The mercury climbed to 38⁰C (100.4F) in Verkhoyansk, Siberia in June 2020 creating the new record of highest temperature in the arctic region and beating Fort Yukon, Alaska, which recorded 37.8⁰C in June 1915. The forecast for the coming weeks was also a whopping 10⁰C higher than last year. This region is also known for experiencing the coldest temperatures, reaching as low as minus 60⁰C during winters.
Concerned scientists claim that the Arctic is heating with double the speed of global average. “Such heat-waves aren't necessarily new to Siberia, but that climate change is increasing their severity and length,” says Sergei Semyonov of the Yu. A. Izrael Institute of Global Climate and Ecology in Moscow.
The heat waves are occurring due to a ‘heat dome’ effect in the Arctic region. This phenomenon happens when the Air is pushed and compressed, creating a very high mass of air into one location. This heavy air prevents clouds from forming, keeping the weather sunny, and pushes warm temperatures down to the surface which creates a virtual dome in which heat is trapped for a long duration.
This has led to devastating consequences for the environment of the arctic region. The forest areas of Sakha Republic, Russian Federation are witnessing rampant Wildfires. In Siberia, a major diesel oil spill incident happened due to the melting of Permafrost and caused contamination in the Ambarnaya River.
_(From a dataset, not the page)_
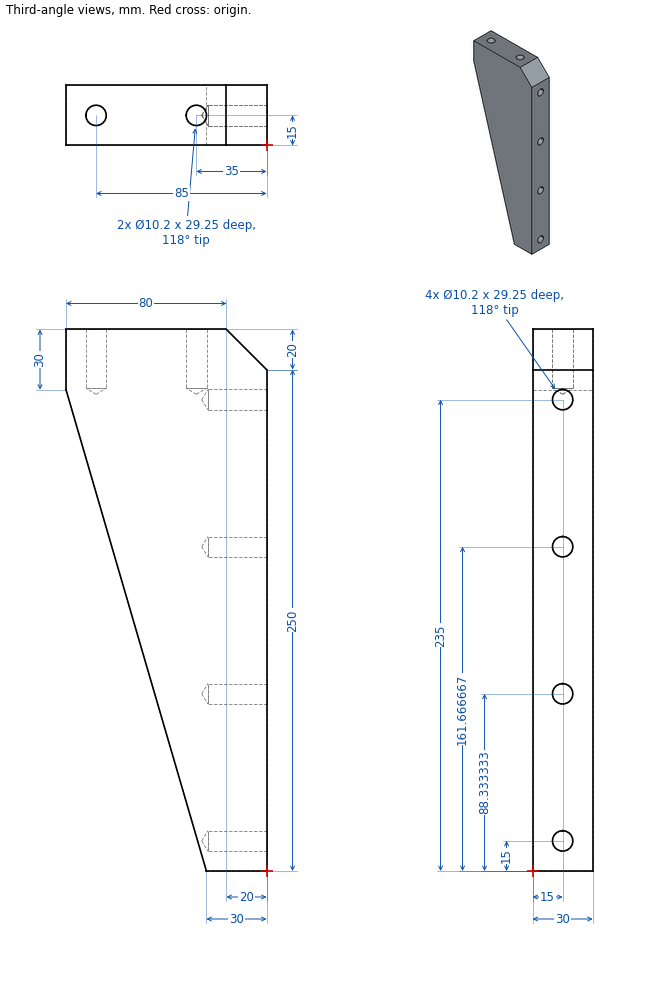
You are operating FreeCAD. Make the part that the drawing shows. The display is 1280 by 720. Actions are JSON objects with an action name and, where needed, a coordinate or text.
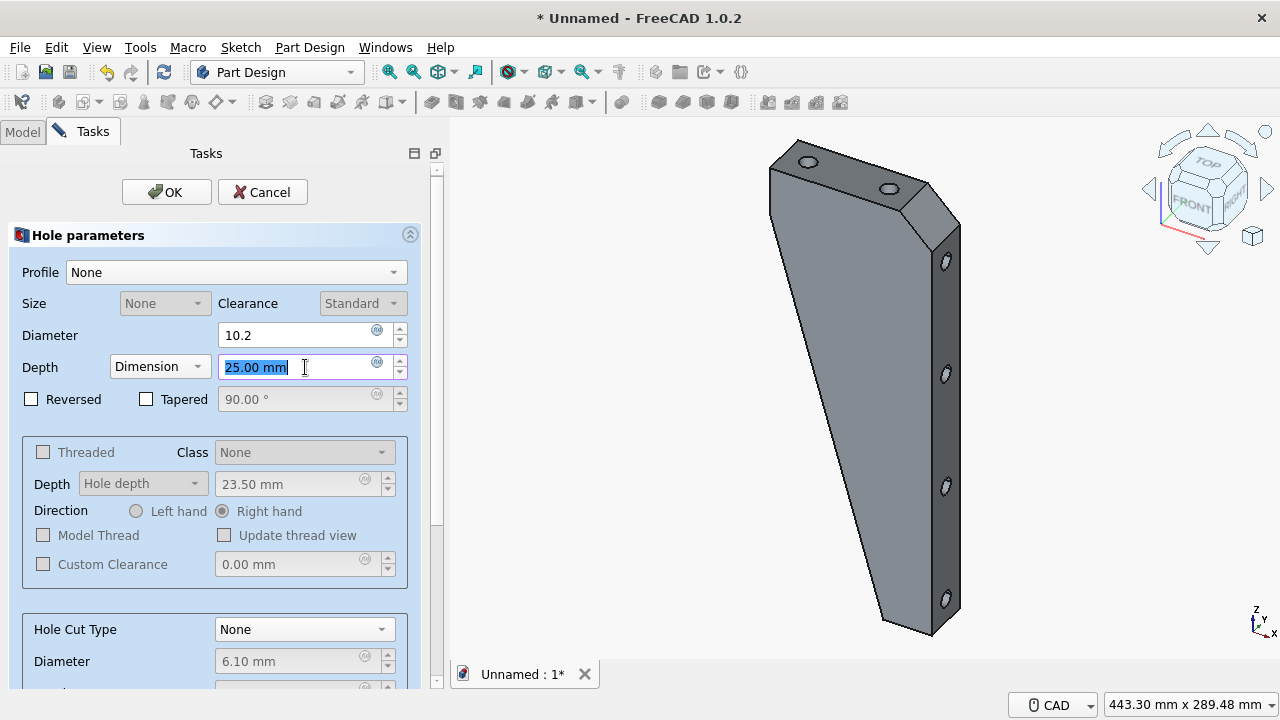
{"action": "type", "text": "29.25"}
{"action": "key", "text": "Tab"}
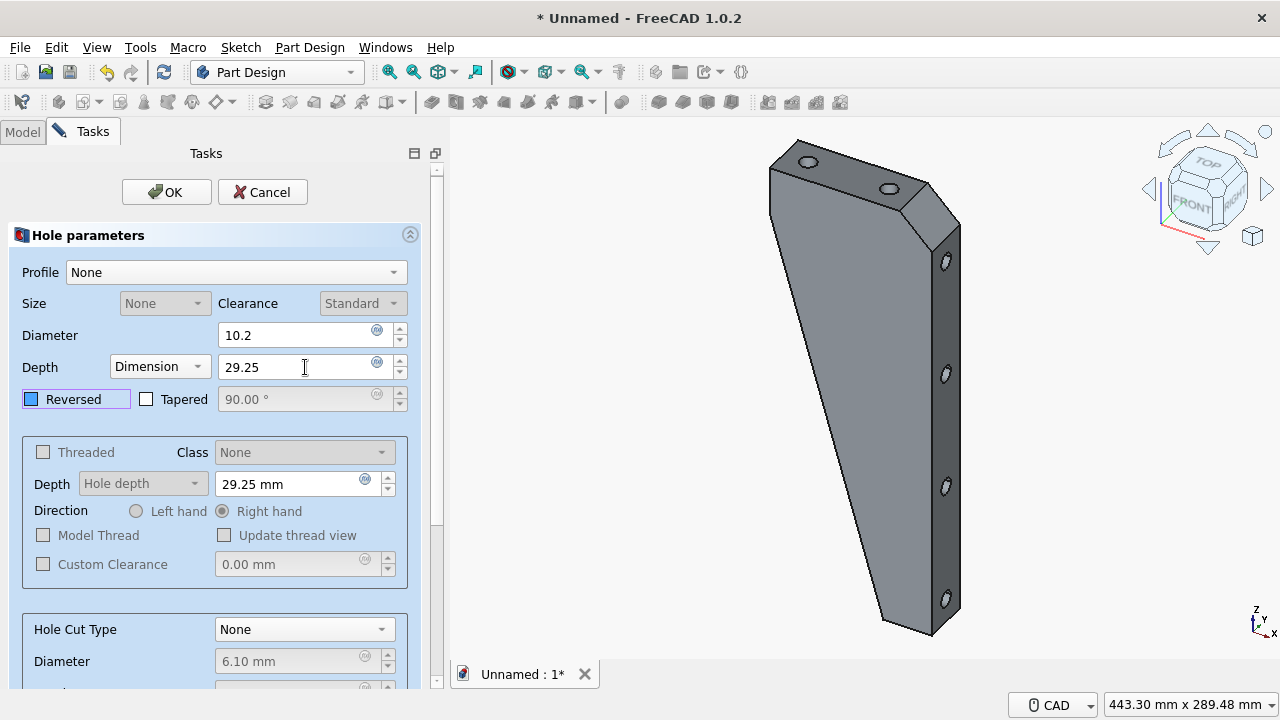
{"action": "left_click", "coordinate": [167, 192]}

Permafrost serves as a foundation for almost the entire Northern Hemisphere’s landmass and is also responsible for trapping twice the amount of carbon found in the atmosphere. This is a cause of concern, not only for the Arctic, but for the entire globe as it would amount to release of more carbon dioxide in the atmosphere.
Global warming is further fuelling the increase in temperatures of the frigid regions. May 2020 was reportedly the warmest month, according to the climate report of Copernicus Climate Change Service. As a result, snow in these areas melted earlier than it was supposed to. In 2012 as well, around 97% of the ice sheets in Greenland turned to slush due to extensive warming and in 2016, the warm climate in Norway resulted in rainfall instead of snowfall.
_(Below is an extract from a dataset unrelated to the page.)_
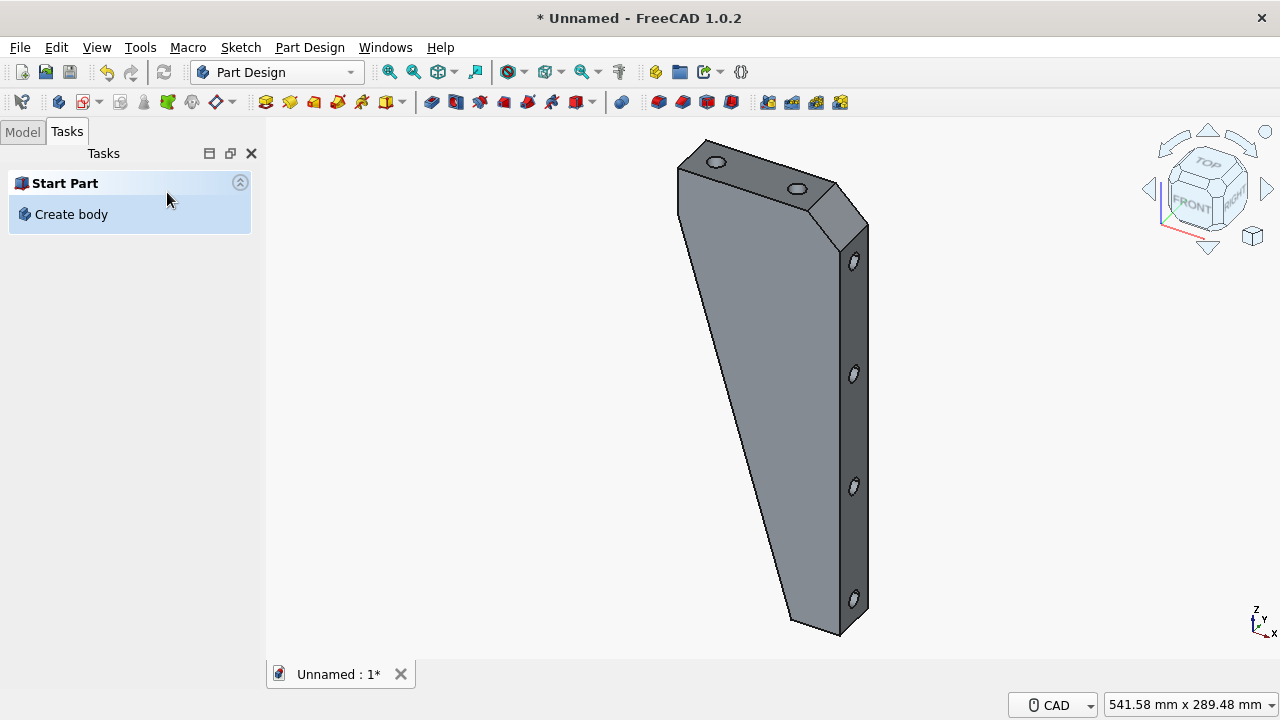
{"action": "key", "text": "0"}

From these observations, it would be fitting to state that our planet is undergoing ‘Polar Amplification’, meaning, quicker warming of the poles. Snow cover helps in reflecting the sunlight back in the atmosphere. However, with the gradual warming of Earth, the amount of snow is declining and more heat is being captured instead of being reflected. Melting of snow and icy bodies contributes to sea level rise, increasing the probability of floods in low lying coastal areas.
These events are indicative of the degrading health of our planet which to a large extent are caused by our reckless actions. If we persist with business as usual, the survival of the human race may be as endangered as that of the Siberian tigers.